Draus tilted her head in a low nod. “He ain’t lyin’.”

Green River chuckled. Her grafted fox squealed, its notes mirthful and sharp. “Be my very words so accusatory? I only tease.” The fox bit at Avo, ever-playfully. “But first, before more words, a drink.” With practiced ease, the Sang cupped the tea in both hands and brought it to her lips, blowing. “To your health.”

Now she sounded like she was mocking him. An intrusive fantasy of tearing the top half of the vulpine’s jaw off and beating Green River to death with her own graft appeared. He did his best to hide the gnashing of his teeth.

Reaching down, the Regular plucked a bone-carved cup filled with a yellowish fluid. A petal of folded tea leaves drifted, their shape a Sang character that he couldn’t recognize. Their light floral scent suffused itself into the steaming water and tickled against Avo’s olfactory senses.

Black Jasmine?” he asked.

The fox perked up in surprise, and its human half frowned. “Quite so.”

He grunted. Walton preferred the common-soil flavor. If that was the accurate translation. Just another thing he didn’t get to ask before his father passed.

“Listen, River,” Draus said, doing her best to barrel through the layers of ceremony, “not that I don’t wanna speak with you, but we got something we have to–”

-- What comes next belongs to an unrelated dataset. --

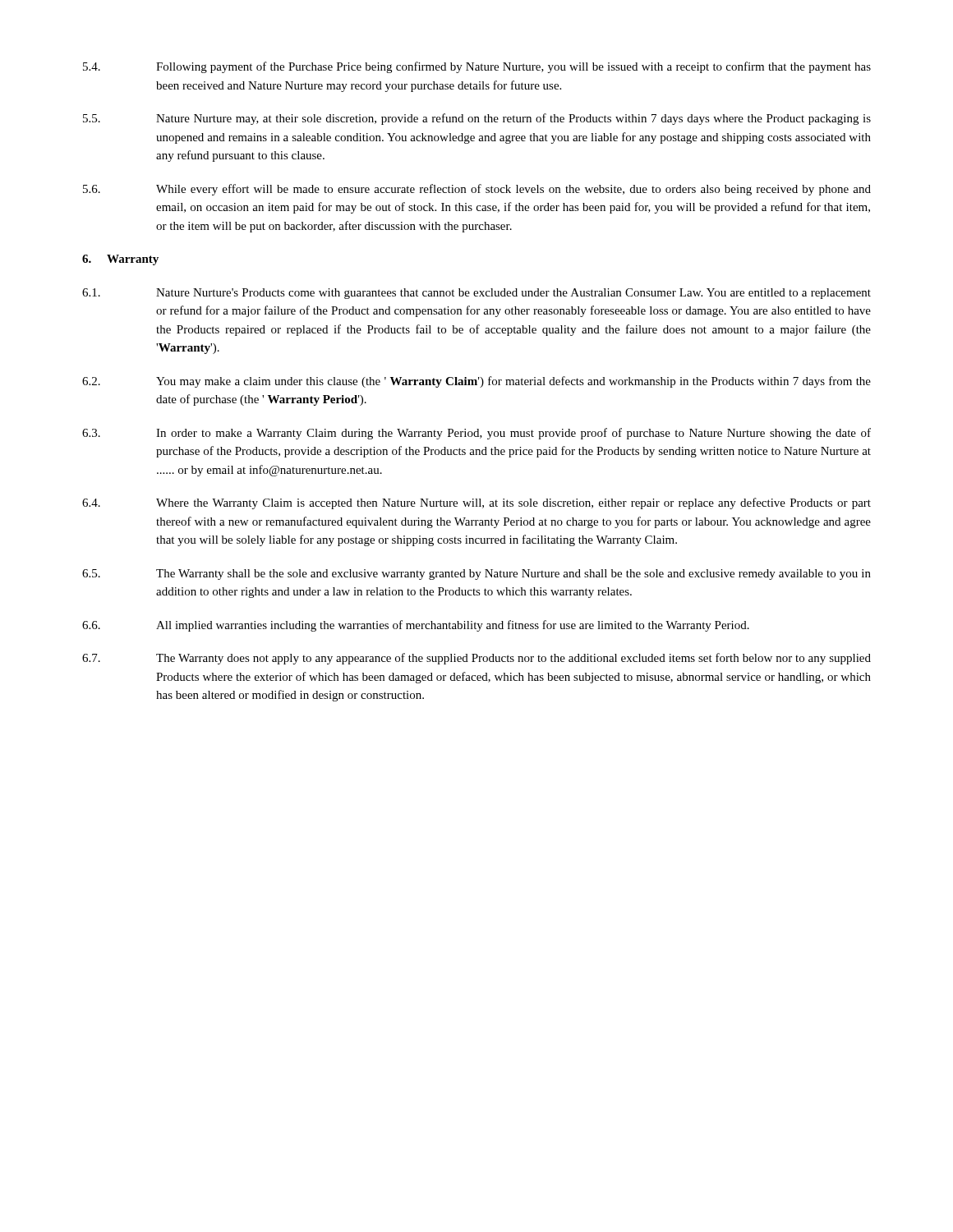
Task: Click on the list item with the text "6.7. The Warranty does"
Action: [x=476, y=677]
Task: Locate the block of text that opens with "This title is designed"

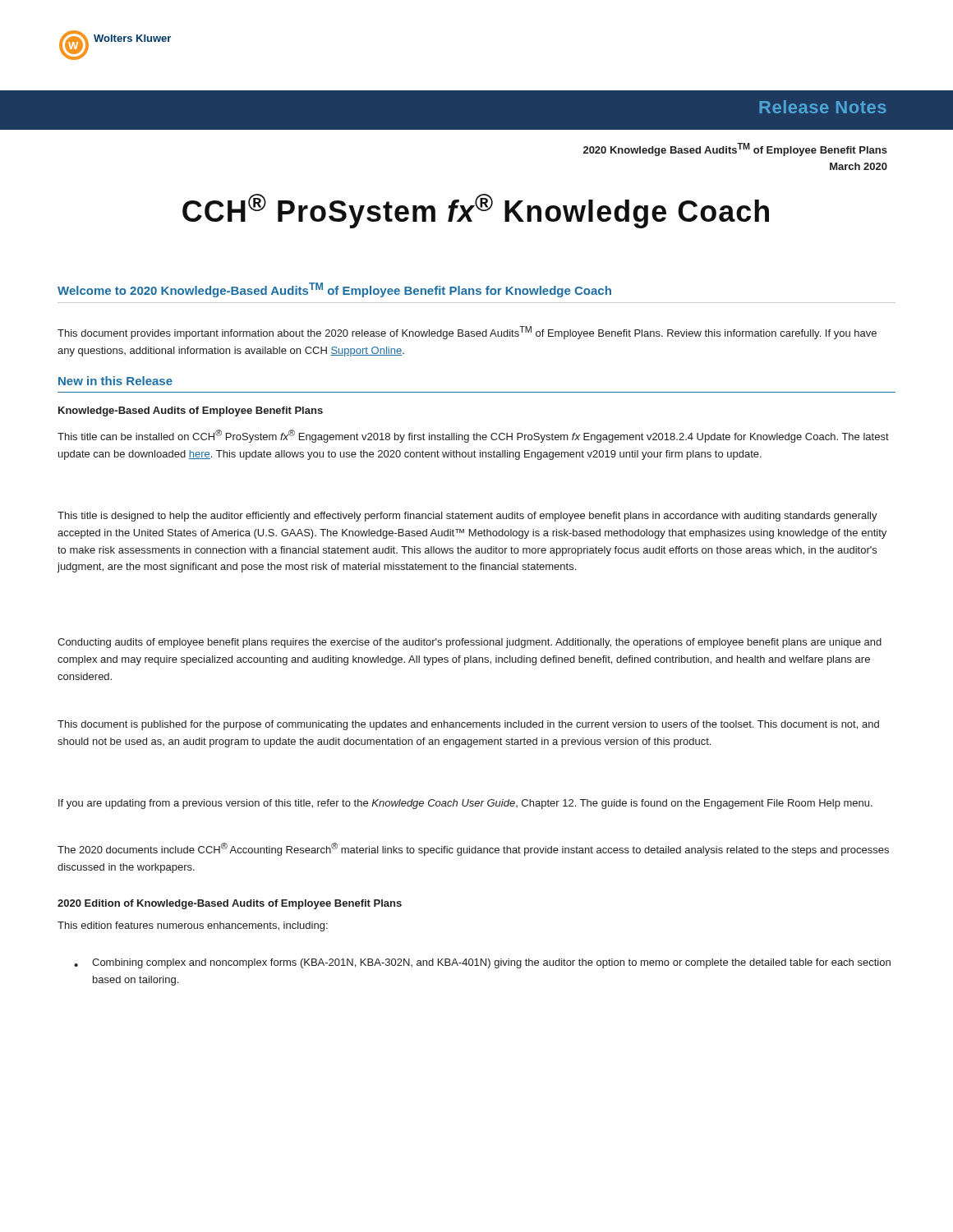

“Your rooms are being prepared. The supplies you requested have been stocked. Your prisoners are being chained. And your… associate is already on her way.” Green River smiled. “I understand your haste to greet your task. I have been there. So, I implore that you understand when I say there is not the need. All there is to do for now is wait. Relax. That is your role as a guest. Leave the rest to me, in my role as host, and master of this abode, to ensure the slave work is done thoroughly. That is why you came to me, is it not? Sold me the golem.”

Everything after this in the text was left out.